Meaningful short names - zdw
http://www.tedunangst.com/flak/post/shrt-nms-fr-clrty
======
random_comment
I take the opposite view.

"ln" isn't "link". It's ln. My brain has particular concepts bound onto the
command 'ln', which are not the same as the concepts for 'link' in general
use.

"grep" comes for Global search, for a Regular Expression, and Print it. Grep
doesn't 'find'. It PRINTS occurrences of a regular expression (not just a
string), and continues globally rather than stopping at the first occurrence.

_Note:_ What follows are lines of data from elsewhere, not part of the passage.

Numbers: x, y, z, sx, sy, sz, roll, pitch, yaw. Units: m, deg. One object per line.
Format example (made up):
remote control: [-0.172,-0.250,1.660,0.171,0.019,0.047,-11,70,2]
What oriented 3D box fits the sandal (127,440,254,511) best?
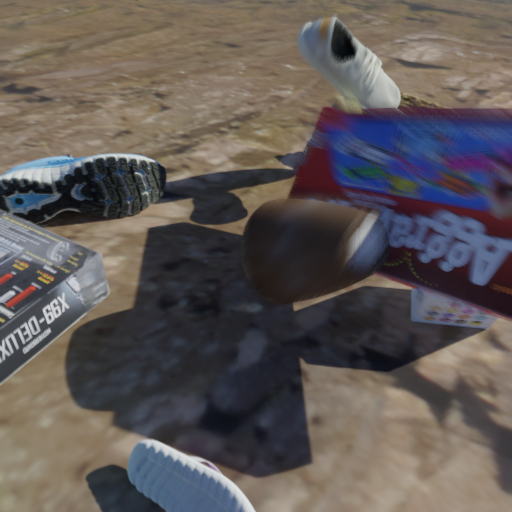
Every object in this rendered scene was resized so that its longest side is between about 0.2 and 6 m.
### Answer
sandal: [-0.614,2.593,6.127,1.920,0.781,0.472,28,5,31]

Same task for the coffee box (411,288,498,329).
coffee box: [2.972,0.296,8.250,1.165,1.154,1.167,6,63,6]

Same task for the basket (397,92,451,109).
basket: [3.256,-2.306,12.162,2.319,1.727,1.655,33,81,34]

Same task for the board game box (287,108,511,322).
board game box: [2.178,-0.874,7.991,0.472,2.498,4.852,20,1,-36]

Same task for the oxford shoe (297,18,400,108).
oxford shoe: [1.975,-3.592,10.794,0.794,2.748,1.033,-6,65,50]

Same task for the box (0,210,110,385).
box: [-4.592,0.451,8.508,3.635,0.905,2.867,20,43,24]

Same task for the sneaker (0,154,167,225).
sneaker: [-3.397,-1.558,10.808,3.293,1.291,1.481,-5,35,-7]

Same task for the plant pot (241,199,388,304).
plant pot: [0.886,-0.112,7.470,1.517,1.517,1.624,-33,17,-35]

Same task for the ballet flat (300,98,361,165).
ballet flat: [1.437,-2.244,10.463,0.636,0.636,1.799,22,68,25]
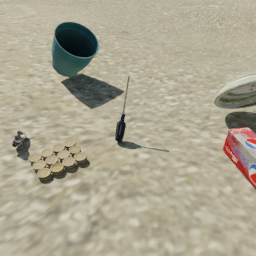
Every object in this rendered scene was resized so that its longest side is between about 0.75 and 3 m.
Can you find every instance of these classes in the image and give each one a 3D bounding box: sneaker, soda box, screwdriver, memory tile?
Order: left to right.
[{"bbox_3d":[-3.097,0.321,7.888,0.304,0.327,0.757,31,10,-5],"label":"sneaker"},{"bbox_3d":[-1.838,0.799,7.364,1.349,0.113,1.034,-23,42,-27],"label":"memory tile"},{"bbox_3d":[-0.082,-0.554,8.007,0.281,1.933,0.270,14,2,31],"label":"screwdriver"},{"bbox_3d":[3.169,0.846,6.821,0.648,0.716,2.045,-7,36,-13],"label":"soda box"}]

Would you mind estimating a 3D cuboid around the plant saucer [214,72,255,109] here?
[{"bbox_3d":[3.682,-1.177,8.431,2.202,2.202,0.553,-4,74,-6],"label":"plant saucer"}]

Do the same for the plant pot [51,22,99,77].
[{"bbox_3d":[-2.215,-2.916,10.991,1.728,1.624,1.728,14,57,-22],"label":"plant pot"}]
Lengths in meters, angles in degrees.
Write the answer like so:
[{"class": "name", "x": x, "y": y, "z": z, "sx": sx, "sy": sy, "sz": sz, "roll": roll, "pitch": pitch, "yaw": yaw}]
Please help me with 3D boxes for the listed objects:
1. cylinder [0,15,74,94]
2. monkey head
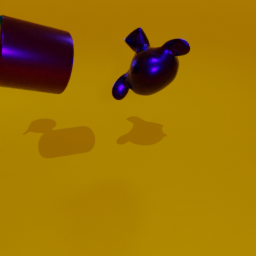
[{"class": "cylinder", "x": -1.571, "y": -1.150, "z": 4.568, "sx": 1.080, "sy": 1.080, "sz": 1.080, "roll": 4, "pitch": 28, "yaw": -31}, {"class": "monkey head", "x": 0.341, "y": -1.256, "z": 5.249, "sx": 1.690, "sy": 1.216, "sz": 1.019, "roll": -32, "pitch": 11, "yaw": 26}]
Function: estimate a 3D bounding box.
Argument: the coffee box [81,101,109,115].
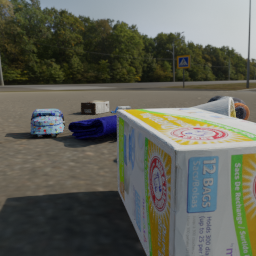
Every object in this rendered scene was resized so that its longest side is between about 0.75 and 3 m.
[{"bbox_3d":[-1.884,-1.197,16.195,0.950,0.671,1.681,4,11,23],"label":"coffee box"}]

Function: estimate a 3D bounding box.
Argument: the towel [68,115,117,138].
[{"bbox_3d":[-0.416,-0.100,9.426,2.627,0.651,1.940,-12,6,-42],"label":"towel"}]

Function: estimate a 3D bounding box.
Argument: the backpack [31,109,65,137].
[{"bbox_3d":[-2.777,-0.162,9.624,1.184,0.872,1.297,-1,11,-11],"label":"backpack"}]

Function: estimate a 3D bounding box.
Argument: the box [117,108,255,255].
[{"bbox_3d":[0.719,0.581,3.474,1.318,1.462,2.600,-3,11,-12],"label":"box"}]

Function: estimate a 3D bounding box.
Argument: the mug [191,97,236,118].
[{"bbox_3d":[1.737,0.270,6.634,1.542,1.878,1.504,-5,39,25],"label":"mug"}]

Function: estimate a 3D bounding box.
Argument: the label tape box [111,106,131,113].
[{"bbox_3d":[-0.425,-1.101,16.574,1.094,0.362,0.784,1,9,-9],"label":"label tape box"}]

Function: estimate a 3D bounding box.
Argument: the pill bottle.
[{"bbox_3d":[4.243,-0.727,11.923,1.206,1.206,2.271,-1,10,-4],"label":"pill bottle"}]
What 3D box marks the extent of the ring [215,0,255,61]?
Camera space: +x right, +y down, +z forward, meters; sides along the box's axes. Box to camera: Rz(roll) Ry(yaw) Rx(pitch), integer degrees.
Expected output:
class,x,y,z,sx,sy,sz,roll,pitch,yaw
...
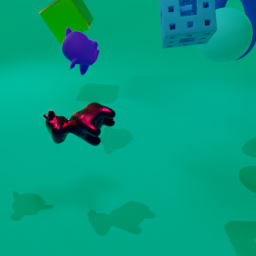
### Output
class,x,y,z,sx,sy,sz,roll,pitch,yaw
ring,2.858,-2.865,7.489,2.085,2.085,0.417,-21,21,-30

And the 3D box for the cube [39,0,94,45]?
class,x,y,z,sx,sy,sz,roll,pitch,yaw
cube,-2.270,-4.231,10.612,1.338,1.338,1.338,-24,31,17

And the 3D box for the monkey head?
class,x,y,z,sx,sy,sz,roll,pitch,yaw
monkey head,-1.434,-2.098,7.984,0.993,1.185,1.648,8,49,-29

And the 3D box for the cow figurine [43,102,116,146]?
class,x,y,z,sx,sy,sz,roll,pitch,yaw
cow figurine,-0.966,-0.133,5.461,1.159,0.647,1.178,28,57,13

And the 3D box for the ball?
class,x,y,z,sx,sy,sz,roll,pitch,yaw
ball,2.075,-1.989,6.071,1.145,1.145,1.145,0,32,0

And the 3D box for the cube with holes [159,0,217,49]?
class,x,y,z,sx,sy,sz,roll,pitch,yaw
cube with holes,0.921,-1.790,4.495,0.766,0.766,0.766,-5,2,5
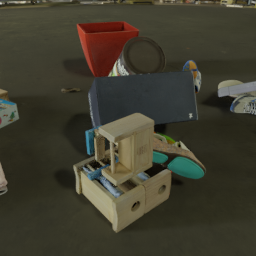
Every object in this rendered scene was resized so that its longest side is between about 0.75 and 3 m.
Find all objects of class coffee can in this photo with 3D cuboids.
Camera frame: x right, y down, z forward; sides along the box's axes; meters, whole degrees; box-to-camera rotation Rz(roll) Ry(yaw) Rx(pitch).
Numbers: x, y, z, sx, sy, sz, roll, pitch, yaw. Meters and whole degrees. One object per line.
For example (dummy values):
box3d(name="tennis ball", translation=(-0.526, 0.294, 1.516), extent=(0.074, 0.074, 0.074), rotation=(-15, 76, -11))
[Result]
box3d(name="coffee can", translation=(0.273, -2.241, 11.096), extent=(1.679, 2.294, 1.679), rotation=(5, 72, -17))

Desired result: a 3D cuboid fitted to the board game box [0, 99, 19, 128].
box3d(name="board game box", translation=(-5.501, -0.367, 10.334), extent=(1.645, 0.717, 2.229), rotation=(17, 33, 25))

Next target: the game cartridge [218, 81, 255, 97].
box3d(name="game cartridge", translation=(4.851, -1.665, 11.530), extent=(2.192, 0.455, 1.460), rotation=(-9, 1, 21))

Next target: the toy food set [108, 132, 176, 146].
box3d(name="toy food set", translation=(0.767, 0.470, 7.944), extent=(2.565, 0.515, 1.771), rotation=(11, 17, -43))

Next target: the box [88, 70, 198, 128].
box3d(name="box", translation=(0.317, -0.773, 9.106), extent=(2.930, 1.526, 2.668), rotation=(-7, 1, -12))

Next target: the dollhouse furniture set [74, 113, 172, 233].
box3d(name="dollhouse furniture set", translation=(-0.126, 0.654, 6.703), extent=(1.772, 2.529, 1.782), rotation=(-23, 37, -34))

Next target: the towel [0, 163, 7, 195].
box3d(name="towel", translation=(-5.043, 1.329, 7.617), extent=(2.947, 0.475, 2.815), rotation=(-18, 35, -28))

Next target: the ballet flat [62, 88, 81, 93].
box3d(name="ballet flat", translation=(-2.697, -1.788, 13.336), extent=(0.915, 0.212, 0.308), rotation=(-6, -4, -21))

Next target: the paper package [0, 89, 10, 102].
box3d(name="paper package", translation=(-5.883, -1.301, 12.086), extent=(1.102, 0.570, 1.050), rotation=(18, 35, 30))

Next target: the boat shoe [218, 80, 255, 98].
box3d(name="boat shoe", translation=(5.200, -1.635, 12.576), extent=(2.219, 0.660, 0.797), rotation=(10, 74, 27))

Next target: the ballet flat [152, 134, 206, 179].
box3d(name="ballet flat", translation=(1.021, 0.584, 6.896), extent=(2.178, 0.741, 0.732), rotation=(24, 47, -22))

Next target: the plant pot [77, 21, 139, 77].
box3d(name="plant pot", translation=(-1.144, -4.308, 15.427), extent=(2.788, 2.457, 2.785), rotation=(-8, 31, -15))

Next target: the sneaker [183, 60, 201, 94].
box3d(name="sneaker", translation=(2.201, -1.812, 9.511), extent=(0.494, 1.313, 0.579), rotation=(12, 53, 28))

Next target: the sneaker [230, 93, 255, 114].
box3d(name="sneaker", translation=(5.109, -0.914, 11.243), extent=(2.058, 0.793, 0.877), rotation=(-10, 36, -17))
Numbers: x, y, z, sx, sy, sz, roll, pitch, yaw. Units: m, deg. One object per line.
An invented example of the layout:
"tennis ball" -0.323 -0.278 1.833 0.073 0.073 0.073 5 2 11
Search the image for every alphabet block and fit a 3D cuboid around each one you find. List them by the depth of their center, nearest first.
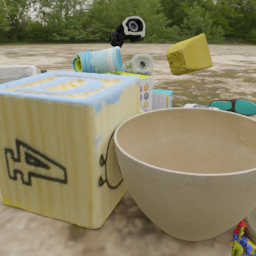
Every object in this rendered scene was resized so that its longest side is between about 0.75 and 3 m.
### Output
"alphabet block" -1.217 0.225 6.105 2.445 2.490 2.432 8 23 22

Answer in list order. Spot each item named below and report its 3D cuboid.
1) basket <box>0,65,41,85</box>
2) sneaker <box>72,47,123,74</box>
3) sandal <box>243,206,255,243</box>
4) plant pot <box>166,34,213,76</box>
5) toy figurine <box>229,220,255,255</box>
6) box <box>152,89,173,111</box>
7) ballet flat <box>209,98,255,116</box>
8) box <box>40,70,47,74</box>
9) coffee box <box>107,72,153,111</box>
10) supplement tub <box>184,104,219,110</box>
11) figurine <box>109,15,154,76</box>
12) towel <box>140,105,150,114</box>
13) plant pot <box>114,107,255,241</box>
"basket" -5.127 -1.872 12.545 2.444 1.657 1.508 -3 6 -1
"sneaker" -0.986 -2.199 9.391 1.546 0.942 2.368 -7 7 5
"sandal" 3.146 1.488 5.282 2.632 0.711 1.057 -12 24 -29
"plant pot" 2.495 -3.007 12.027 1.475 1.466 1.509 -7 17 46
"toy figurine" 2.012 1.893 4.581 0.532 0.468 0.888 29 11 19
"box" 0.554 -1.086 11.583 2.485 1.023 0.611 7 21 16
"ballet flat" 4.460 -0.952 11.785 1.975 0.671 0.675 10 15 23
"box" -5.021 -2.305 14.619 1.751 1.104 1.781 -7 22 -18
"coffee box" -0.381 -1.013 10.231 1.836 1.816 1.834 20 28 41
"supplement tub" 2.607 -0.400 10.034 1.195 0.838 0.838 18 27 38
"figurine" -0.011 -3.020 11.295 0.985 2.289 2.233 -17 9 -22
"towel" 1.272 -0.053 7.856 2.913 0.332 2.092 20 13 -44
"plant pot" 1.153 0.907 5.160 2.747 1.844 2.747 -2 23 1
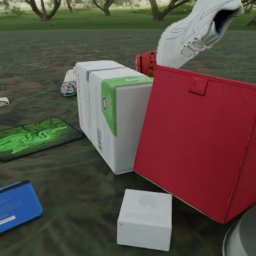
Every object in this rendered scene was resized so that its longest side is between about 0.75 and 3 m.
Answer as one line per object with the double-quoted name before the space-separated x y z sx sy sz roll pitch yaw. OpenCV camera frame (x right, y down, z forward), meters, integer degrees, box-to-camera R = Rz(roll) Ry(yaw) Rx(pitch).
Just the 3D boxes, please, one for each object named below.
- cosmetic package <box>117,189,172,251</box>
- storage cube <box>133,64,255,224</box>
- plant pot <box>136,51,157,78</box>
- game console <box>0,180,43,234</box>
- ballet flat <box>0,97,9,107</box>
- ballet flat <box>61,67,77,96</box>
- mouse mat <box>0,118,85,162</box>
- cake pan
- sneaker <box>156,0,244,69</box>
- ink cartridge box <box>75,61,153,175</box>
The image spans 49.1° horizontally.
"cosmetic package" 0.304 1.539 4.765 0.845 0.521 0.848 5 23 8
"storage cube" 1.705 0.144 5.363 2.079 2.187 2.432 -1 20 -44
"plant pot" 1.112 -3.096 14.113 1.384 1.520 1.520 -3 24 5
"game console" -2.456 1.536 5.291 1.320 0.781 1.127 -18 60 -34
"ballet flat" -5.064 -0.918 10.648 1.075 0.373 0.373 -19 30 -38
"ballet flat" -2.465 -2.303 12.977 0.997 0.997 2.772 4 25 8
"mouse mat" -2.780 0.237 8.304 2.487 0.094 2.001 -19 30 -34
"cake pan" 2.687 1.907 4.040 2.483 0.455 2.483 0 23 0
"sneaker" 1.837 -2.550 7.659 1.061 2.849 1.241 23 34 -31
"ink cartridge box" -0.386 -0.490 7.383 1.229 2.129 2.914 -10 26 -22
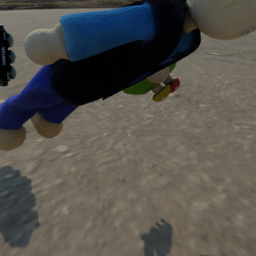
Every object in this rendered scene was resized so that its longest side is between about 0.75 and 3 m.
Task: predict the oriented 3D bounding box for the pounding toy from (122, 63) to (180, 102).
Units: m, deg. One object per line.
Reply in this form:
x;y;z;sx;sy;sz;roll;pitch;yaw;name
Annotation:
0.564;-0.810;4.444;1.141;0.686;1.478;-45;9;-18;pounding toy

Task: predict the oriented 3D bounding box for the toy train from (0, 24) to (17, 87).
-2.874;-1.594;6.191;0.759;1.333;0.568;16;22;41;toy train

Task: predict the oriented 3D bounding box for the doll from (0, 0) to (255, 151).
-0.095;-0.335;1.489;1.640;0.397;1.119;-23;-1;37;doll
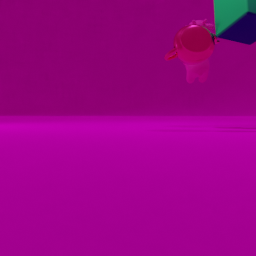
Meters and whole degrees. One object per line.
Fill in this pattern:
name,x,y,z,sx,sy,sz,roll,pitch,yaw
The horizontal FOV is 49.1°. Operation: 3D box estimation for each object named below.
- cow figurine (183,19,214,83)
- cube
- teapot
cow figurine,2.162,-2.411,8.733,0.912,1.662,1.636,-4,-25,1
cube,3.452,-3.406,8.112,1.324,1.324,1.324,5,-13,-19
teapot,1.690,-2.077,7.141,1.650,1.026,0.808,-22,-14,-7
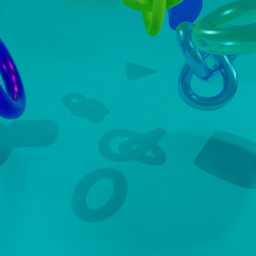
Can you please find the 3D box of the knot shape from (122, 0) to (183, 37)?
[{"bbox_3d":[0.494,-2.719,5.880,1.653,1.547,0.764,21,39,35],"label":"knot shape"}]

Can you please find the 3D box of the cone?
[{"bbox_3d":[1.376,-3.617,8.080,1.098,1.098,1.102,-21,62,-19],"label":"cone"}]

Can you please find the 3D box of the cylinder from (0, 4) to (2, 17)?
[{"bbox_3d":[-3.538,-2.781,6.205,1.005,1.005,1.005,-20,46,5],"label":"cylinder"}]

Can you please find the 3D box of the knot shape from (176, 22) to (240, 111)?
[{"bbox_3d":[1.555,-1.144,5.389,1.744,1.632,0.806,-1,12,-29],"label":"knot shape"}]

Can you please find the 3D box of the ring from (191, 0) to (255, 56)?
[{"bbox_3d":[1.462,-1.243,3.251,1.445,0.289,1.445,-16,30,10],"label":"ring"}]

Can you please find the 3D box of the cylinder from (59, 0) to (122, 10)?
[{"bbox_3d":[-0.608,-2.498,4.635,1.014,1.014,1.014,-1,46,-2],"label":"cylinder"}]

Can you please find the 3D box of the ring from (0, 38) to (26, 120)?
[{"bbox_3d":[-2.623,-1.122,5.602,0.401,2.005,2.005,-20,48,-2],"label":"ring"}]
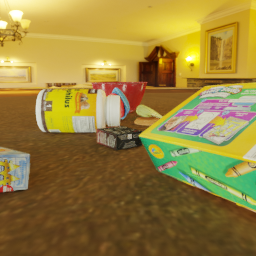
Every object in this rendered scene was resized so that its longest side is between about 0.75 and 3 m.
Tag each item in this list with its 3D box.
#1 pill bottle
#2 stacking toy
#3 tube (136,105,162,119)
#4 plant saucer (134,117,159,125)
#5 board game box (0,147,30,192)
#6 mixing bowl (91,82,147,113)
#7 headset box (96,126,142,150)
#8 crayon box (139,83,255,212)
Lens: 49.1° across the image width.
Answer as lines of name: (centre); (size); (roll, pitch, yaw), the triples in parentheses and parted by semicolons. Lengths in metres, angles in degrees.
pill bottle: (-1.468, -0.534, 8.674); (2.442, 1.334, 1.334); (0, 10, -1)
stacking toy: (-1.006, -0.645, 10.824); (1.949, 1.131, 1.069); (-26, -13, -28)
tube: (0.874, -0.599, 11.593); (0.550, 0.492, 1.894); (-23, 19, -14)
plant saucer: (0.751, -0.271, 10.481); (1.032, 0.193, 1.032); (0, 11, 0)
board game box: (-2.551, 0.579, 4.152); (1.887, 0.582, 1.888); (5, 3, 20)
mixing bowl: (-0.417, -1.518, 13.734); (2.737, 1.482, 2.737); (0, 10, 0)
headset box: (-0.261, 0.220, 7.144); (0.789, 0.409, 1.060); (-7, 12, -36)
crayon box: (1.642, 0.108, 4.010); (1.740, 0.853, 2.929); (-35, 19, -19)
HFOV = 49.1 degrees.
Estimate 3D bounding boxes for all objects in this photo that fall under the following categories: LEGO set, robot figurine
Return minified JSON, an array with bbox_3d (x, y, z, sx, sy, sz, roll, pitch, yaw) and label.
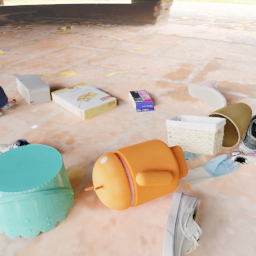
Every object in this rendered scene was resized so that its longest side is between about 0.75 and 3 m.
[{"bbox_3d":[-5.583,-0.846,12.203,1.074,0.353,1.438,17,47,26],"label":"LEGO set"},{"bbox_3d":[0.257,1.205,7.412,2.712,1.582,1.951,-15,38,-22],"label":"robot figurine"}]

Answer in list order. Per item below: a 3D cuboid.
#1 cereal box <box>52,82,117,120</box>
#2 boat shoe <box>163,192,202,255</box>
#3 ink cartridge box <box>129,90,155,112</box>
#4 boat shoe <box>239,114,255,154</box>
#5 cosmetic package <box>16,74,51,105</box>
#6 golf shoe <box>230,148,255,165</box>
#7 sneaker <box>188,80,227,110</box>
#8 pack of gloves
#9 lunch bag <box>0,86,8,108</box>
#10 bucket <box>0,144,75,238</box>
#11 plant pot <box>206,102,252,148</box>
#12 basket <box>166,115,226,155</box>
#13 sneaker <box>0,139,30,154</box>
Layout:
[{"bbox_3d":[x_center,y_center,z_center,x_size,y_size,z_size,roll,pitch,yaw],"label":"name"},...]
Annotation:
[{"bbox_3d":[-1.980,-1.280,12.577,1.805,0.496,2.509,-27,40,-37],"label":"cereal box"},{"bbox_3d":[1.273,2.351,6.312,0.775,0.849,2.359,4,23,16],"label":"boat shoe"},{"bbox_3d":[0.612,-1.249,12.764,0.820,0.321,1.732,-6,34,-10],"label":"ink cartridge box"},{"bbox_3d":[4.668,0.054,9.871,0.867,0.853,2.404,32,45,13],"label":"boat shoe"},{"bbox_3d":[-4.478,-1.844,13.218,1.025,0.865,1.919,-18,32,-33],"label":"cosmetic package"},{"bbox_3d":[3.794,1.024,8.807,1.145,0.416,0.527,11,35,2],"label":"golf shoe"},{"bbox_3d":[3.917,-1.624,12.775,1.218,0.877,2.330,-19,31,-19],"label":"sneaker"},{"bbox_3d":[2.354,0.940,8.994,2.115,0.417,1.777,-15,35,-24],"label":"pack of gloves"},{"bbox_3d":[-5.951,-1.164,11.652,0.988,1.014,1.493,14,46,25],"label":"lunch bag"},{"bbox_3d":[-2.490,1.504,7.092,2.169,1.411,2.169,-1,31,0],"label":"bucket"},{"bbox_3d":[3.652,-0.270,9.794,1.480,1.379,1.379,-35,44,-28],"label":"plant pot"},{"bbox_3d":[2.223,0.198,9.210,1.686,1.040,1.143,6,15,33],"label":"basket"},{"bbox_3d":[-3.544,0.652,9.142,1.751,0.746,0.675,8,32,15],"label":"sneaker"}]
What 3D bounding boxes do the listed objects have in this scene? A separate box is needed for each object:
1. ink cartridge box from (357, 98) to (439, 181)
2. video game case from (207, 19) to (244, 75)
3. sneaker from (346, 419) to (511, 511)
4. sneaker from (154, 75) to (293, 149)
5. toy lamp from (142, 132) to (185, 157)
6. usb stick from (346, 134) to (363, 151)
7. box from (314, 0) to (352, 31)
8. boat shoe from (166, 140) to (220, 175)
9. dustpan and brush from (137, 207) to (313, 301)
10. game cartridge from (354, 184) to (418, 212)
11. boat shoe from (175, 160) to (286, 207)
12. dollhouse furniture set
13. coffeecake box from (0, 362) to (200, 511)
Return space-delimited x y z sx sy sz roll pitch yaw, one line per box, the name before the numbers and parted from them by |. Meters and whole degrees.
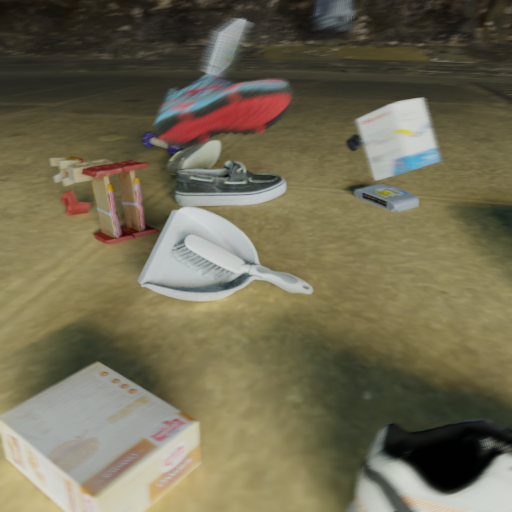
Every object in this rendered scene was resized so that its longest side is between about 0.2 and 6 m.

Another advantage is precision. "I did ln -s" is more precise than "I linked
the file". "I grepped the file" is more precise about what I did than "I found
the file" or "I searched the file".

Re-using English words directly - which already have rather broad and fuzzy
semantics - in a domain that is a) more precisely defined than English b) not
always consistent with the English meaning and c) international is not a good
idea imho.

Heck, even ln/cp/grep etc are already ambiguous enough as it is! Depending on
platform, UNIX commands may involve subtly different semantics (e.g. due to
things like HFS+ filesystem data fork vs ext3 vs ZFS copy-on-write). Or
different grammar. Quick example: cp dirname -rf works in linux, but not in
BSD since you need to place options first in BSD.

Having picked up bits of some foreign languages, I've also found that my brain
learns the correct meanings of words most easily when they are similar but not
the same as English.

When the words are the same in two languages, my brain keeps its binding to
the English meaning, and I tend to not to remember the subtleties of using it
in the foreign sense.

When the words are completely different, I sometimes struggle to remember the
new word. [I sometimes cheat and pretend I'm learning a new word of English.
Somehow, that helps]

When the word is very similar but subtly different (for example, Geomatikk in
Norwegian vs Geomatics in English, it's a) easy to remember the word and b)
easy to remember any subtle differences in meaning.

So I believe the unix way is the right way.